◆ Task item
Keep only the lines of the material below that contain the word "origin". Copy those lines.
• • • • • • •
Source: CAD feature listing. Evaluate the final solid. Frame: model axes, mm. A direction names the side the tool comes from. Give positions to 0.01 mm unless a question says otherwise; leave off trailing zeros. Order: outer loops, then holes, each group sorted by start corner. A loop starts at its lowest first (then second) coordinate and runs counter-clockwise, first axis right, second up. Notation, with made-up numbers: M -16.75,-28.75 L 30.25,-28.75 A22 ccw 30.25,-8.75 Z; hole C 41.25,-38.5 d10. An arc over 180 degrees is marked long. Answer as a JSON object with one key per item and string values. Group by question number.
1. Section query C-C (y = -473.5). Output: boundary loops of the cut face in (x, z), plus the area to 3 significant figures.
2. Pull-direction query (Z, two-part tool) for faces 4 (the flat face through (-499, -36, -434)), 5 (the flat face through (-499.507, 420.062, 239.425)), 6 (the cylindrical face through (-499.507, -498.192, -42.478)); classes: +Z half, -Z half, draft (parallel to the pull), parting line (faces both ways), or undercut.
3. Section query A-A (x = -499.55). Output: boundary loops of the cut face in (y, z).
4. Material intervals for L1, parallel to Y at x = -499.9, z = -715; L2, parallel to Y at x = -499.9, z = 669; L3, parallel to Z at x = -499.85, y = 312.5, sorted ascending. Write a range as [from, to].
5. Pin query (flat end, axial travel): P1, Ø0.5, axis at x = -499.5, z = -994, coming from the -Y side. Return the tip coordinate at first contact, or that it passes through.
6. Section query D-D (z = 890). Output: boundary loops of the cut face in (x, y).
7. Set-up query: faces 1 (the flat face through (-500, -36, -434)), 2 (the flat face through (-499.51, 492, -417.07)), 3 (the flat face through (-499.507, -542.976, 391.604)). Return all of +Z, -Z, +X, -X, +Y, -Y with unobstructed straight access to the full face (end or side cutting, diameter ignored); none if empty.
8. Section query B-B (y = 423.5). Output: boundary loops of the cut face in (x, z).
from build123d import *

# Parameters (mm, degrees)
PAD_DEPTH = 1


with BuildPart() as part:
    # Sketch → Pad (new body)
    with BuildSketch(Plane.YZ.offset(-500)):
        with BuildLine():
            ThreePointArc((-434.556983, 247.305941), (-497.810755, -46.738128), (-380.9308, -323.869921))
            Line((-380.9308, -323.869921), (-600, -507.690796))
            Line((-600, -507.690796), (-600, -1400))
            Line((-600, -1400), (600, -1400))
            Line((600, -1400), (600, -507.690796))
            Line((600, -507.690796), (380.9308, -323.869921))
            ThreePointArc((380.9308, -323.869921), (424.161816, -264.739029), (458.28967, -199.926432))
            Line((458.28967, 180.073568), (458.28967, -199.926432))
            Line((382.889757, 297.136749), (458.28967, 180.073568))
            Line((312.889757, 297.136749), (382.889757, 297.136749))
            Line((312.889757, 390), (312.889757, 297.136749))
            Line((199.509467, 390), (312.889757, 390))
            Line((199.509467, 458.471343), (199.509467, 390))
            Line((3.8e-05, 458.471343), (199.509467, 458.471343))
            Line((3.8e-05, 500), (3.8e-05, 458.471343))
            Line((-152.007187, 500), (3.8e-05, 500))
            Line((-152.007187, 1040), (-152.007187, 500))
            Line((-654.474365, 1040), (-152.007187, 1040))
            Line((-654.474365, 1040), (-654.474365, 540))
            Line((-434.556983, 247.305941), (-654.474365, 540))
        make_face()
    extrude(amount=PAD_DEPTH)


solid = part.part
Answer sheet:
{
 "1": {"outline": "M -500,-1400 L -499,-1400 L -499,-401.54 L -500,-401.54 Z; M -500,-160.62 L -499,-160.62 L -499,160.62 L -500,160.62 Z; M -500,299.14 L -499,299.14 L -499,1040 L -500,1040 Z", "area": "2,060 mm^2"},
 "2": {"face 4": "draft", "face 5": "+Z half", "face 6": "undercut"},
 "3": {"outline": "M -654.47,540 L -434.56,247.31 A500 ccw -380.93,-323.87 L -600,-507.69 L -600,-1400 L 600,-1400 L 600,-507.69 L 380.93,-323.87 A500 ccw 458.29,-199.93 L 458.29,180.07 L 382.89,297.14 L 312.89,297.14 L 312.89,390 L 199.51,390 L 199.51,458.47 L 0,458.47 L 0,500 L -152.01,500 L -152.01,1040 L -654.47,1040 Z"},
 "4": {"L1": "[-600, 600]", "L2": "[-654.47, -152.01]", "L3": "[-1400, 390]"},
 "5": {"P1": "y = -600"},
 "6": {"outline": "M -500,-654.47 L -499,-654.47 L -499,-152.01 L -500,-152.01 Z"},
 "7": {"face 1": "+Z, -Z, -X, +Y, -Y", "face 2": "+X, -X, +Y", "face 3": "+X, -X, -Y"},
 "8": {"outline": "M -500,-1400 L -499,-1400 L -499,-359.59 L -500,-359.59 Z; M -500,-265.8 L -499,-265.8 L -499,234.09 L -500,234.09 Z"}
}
• • • • • • •
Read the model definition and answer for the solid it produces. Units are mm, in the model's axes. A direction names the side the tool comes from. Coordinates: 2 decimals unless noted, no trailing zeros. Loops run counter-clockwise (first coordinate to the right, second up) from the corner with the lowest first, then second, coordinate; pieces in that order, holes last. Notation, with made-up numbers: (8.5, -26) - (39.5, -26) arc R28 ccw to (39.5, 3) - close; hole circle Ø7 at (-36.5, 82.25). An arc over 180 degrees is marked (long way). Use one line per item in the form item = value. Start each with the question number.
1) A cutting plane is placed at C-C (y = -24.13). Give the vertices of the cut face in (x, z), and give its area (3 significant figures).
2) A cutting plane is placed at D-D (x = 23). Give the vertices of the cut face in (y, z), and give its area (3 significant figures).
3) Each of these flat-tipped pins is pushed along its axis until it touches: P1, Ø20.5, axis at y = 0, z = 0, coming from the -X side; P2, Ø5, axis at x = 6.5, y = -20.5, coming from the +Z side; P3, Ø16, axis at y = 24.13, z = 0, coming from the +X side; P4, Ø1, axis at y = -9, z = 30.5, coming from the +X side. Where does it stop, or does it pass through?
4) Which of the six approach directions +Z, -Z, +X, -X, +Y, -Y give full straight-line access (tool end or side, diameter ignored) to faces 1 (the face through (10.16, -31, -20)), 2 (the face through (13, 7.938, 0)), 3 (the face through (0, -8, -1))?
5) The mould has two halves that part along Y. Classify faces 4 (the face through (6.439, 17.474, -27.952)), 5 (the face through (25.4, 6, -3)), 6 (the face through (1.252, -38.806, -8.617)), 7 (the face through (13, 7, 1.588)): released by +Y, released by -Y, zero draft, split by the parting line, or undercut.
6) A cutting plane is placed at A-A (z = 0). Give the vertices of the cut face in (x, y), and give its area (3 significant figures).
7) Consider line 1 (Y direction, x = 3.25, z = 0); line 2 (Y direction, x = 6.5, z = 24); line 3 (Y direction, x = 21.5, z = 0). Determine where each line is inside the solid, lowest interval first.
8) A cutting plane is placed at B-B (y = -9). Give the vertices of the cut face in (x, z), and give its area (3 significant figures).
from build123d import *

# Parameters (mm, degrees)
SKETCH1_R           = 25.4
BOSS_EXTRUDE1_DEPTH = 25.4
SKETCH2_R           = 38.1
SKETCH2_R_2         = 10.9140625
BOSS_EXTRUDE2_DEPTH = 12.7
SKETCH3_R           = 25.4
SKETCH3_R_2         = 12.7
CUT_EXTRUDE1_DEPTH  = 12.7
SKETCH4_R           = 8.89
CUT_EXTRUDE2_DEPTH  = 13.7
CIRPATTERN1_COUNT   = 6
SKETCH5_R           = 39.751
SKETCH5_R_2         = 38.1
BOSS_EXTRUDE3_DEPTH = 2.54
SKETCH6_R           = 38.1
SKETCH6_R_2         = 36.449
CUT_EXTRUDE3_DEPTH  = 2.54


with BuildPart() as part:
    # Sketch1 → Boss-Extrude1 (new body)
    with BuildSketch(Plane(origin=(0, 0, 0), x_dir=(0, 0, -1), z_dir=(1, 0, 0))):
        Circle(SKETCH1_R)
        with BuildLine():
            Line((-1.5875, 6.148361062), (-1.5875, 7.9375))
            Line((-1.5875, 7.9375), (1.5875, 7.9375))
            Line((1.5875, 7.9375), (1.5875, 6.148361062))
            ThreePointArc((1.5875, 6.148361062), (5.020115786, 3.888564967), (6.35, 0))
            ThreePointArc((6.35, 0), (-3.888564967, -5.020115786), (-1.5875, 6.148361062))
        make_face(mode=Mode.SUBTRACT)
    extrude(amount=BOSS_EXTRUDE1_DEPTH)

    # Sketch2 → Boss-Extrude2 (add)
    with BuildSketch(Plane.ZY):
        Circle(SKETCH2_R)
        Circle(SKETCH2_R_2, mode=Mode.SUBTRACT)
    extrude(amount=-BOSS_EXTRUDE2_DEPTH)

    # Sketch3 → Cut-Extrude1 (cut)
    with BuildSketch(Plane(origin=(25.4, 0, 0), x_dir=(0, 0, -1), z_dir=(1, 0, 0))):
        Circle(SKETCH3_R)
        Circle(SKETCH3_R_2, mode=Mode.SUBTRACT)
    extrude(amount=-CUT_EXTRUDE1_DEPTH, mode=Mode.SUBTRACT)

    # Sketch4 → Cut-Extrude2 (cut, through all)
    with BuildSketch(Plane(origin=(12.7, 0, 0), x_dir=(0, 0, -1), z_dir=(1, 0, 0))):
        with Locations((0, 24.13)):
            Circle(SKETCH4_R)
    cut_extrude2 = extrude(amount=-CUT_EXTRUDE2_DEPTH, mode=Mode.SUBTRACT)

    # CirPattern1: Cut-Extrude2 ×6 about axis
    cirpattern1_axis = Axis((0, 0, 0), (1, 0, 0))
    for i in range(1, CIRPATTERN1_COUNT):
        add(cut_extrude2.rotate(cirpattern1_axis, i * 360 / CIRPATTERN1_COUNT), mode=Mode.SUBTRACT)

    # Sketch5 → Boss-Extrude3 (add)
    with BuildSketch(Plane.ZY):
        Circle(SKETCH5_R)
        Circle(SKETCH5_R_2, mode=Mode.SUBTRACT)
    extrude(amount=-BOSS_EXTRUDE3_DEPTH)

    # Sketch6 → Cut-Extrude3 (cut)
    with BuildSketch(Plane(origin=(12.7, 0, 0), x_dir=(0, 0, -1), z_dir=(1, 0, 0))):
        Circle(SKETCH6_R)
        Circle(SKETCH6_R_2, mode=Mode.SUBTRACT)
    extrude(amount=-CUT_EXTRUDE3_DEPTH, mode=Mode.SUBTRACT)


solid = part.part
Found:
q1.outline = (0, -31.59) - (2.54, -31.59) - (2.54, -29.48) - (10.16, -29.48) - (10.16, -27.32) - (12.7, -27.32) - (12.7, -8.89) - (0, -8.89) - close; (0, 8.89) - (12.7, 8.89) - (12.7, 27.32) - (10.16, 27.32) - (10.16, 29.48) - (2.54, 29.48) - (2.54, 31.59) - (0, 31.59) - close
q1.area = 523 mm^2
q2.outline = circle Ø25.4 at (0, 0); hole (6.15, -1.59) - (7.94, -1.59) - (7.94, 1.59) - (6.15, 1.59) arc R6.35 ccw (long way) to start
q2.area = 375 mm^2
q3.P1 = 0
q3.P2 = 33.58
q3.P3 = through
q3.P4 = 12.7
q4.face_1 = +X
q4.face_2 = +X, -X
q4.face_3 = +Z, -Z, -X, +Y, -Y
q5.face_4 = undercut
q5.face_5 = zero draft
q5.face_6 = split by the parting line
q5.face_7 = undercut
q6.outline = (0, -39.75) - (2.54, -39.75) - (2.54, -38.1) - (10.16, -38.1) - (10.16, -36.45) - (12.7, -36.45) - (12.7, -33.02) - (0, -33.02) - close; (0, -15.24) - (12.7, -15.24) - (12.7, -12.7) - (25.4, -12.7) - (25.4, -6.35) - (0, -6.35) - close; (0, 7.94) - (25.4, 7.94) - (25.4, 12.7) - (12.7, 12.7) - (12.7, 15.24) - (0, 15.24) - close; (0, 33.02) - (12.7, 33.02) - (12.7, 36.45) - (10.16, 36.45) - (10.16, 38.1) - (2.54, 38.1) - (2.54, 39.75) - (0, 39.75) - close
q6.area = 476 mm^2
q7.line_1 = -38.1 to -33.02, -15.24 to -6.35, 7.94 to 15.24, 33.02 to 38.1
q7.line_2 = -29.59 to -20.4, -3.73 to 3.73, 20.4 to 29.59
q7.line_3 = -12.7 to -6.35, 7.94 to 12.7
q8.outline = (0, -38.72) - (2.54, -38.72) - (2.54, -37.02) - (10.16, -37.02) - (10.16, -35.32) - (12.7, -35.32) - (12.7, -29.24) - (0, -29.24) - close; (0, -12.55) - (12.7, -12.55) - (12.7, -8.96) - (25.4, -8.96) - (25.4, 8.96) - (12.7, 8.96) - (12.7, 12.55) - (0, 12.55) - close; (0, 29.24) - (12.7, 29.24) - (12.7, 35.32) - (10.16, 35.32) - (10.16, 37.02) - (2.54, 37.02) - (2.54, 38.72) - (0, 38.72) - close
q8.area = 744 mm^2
• • • • • • •
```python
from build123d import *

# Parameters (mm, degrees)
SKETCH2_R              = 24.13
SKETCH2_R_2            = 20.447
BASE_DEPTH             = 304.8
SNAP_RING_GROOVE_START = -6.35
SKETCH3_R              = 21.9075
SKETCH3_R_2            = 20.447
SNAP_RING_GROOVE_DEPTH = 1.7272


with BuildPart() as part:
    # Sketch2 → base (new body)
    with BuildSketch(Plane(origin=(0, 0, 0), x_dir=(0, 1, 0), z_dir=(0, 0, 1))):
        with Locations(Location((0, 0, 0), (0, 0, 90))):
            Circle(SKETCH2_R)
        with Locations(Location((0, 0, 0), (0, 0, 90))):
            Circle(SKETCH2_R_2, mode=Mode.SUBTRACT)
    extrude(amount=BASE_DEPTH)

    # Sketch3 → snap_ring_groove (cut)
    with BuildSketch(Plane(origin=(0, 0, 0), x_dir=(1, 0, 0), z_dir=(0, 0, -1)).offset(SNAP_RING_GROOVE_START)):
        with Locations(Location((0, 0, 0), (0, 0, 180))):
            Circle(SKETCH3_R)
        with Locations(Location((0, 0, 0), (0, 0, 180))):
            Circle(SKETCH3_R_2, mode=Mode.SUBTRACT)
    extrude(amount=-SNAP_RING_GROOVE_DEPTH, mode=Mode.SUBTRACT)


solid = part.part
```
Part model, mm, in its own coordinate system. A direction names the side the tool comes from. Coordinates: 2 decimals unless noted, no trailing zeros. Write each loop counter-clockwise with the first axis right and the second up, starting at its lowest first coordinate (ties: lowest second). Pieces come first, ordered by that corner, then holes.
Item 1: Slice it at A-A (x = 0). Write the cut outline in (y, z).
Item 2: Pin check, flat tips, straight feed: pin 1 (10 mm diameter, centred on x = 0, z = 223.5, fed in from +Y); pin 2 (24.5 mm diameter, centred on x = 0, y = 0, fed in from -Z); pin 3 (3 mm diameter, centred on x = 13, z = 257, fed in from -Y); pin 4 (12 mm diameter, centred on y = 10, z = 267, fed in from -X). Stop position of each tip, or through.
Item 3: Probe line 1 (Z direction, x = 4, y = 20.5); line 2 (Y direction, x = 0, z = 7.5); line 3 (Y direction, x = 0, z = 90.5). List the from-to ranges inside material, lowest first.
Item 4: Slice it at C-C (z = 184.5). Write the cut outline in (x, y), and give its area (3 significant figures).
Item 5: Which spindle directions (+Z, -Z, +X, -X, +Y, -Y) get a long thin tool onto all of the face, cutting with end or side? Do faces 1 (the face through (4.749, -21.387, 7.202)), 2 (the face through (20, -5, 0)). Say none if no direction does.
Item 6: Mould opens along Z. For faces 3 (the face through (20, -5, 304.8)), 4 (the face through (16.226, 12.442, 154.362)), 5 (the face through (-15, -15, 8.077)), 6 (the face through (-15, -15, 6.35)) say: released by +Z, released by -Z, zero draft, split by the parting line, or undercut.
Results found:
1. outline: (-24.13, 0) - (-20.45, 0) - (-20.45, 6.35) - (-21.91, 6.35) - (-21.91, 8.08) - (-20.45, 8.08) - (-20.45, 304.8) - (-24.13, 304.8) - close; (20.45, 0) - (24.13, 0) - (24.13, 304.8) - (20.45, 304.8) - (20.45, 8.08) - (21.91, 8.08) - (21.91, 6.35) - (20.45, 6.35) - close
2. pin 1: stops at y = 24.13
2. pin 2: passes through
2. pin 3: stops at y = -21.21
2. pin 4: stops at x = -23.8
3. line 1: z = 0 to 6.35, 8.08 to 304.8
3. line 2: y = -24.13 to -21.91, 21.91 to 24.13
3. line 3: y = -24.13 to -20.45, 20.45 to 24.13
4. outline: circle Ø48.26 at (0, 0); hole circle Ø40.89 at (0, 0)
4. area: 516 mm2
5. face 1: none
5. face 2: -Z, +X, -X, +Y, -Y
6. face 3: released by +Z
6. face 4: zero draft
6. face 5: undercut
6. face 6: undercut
• • • • • • •
◆ Answer to this problem
    with BuildSketch(Plane(origin=(0, 0, 0), x_dir=(0, 0, -1), z_dir=(1, 0, 0))):
    with BuildSketch(Plane(origin=(25.4, 0, 0), x_dir=(0, 0, -1), z_dir=(1, 0, 0))):
    with BuildSketch(Plane(origin=(12.7, 0, 0), x_dir=(0, 0, -1), z_dir=(1, 0, 0))):
    with BuildSketch(Plane(origin=(12.7, 0, 0), x_dir=(0, 0, -1), z_dir=(1, 0, 0))):
    with BuildSketch(Plane(origin=(0, 0, 0), x_dir=(0, 1, 0), z_dir=(0, 0, 1))):
    with BuildSketch(Plane(origin=(0, 0, 0), x_dir=(1, 0, 0), z_dir=(0, 0, -1)).offset(SNAP_RING_GROOVE_START)):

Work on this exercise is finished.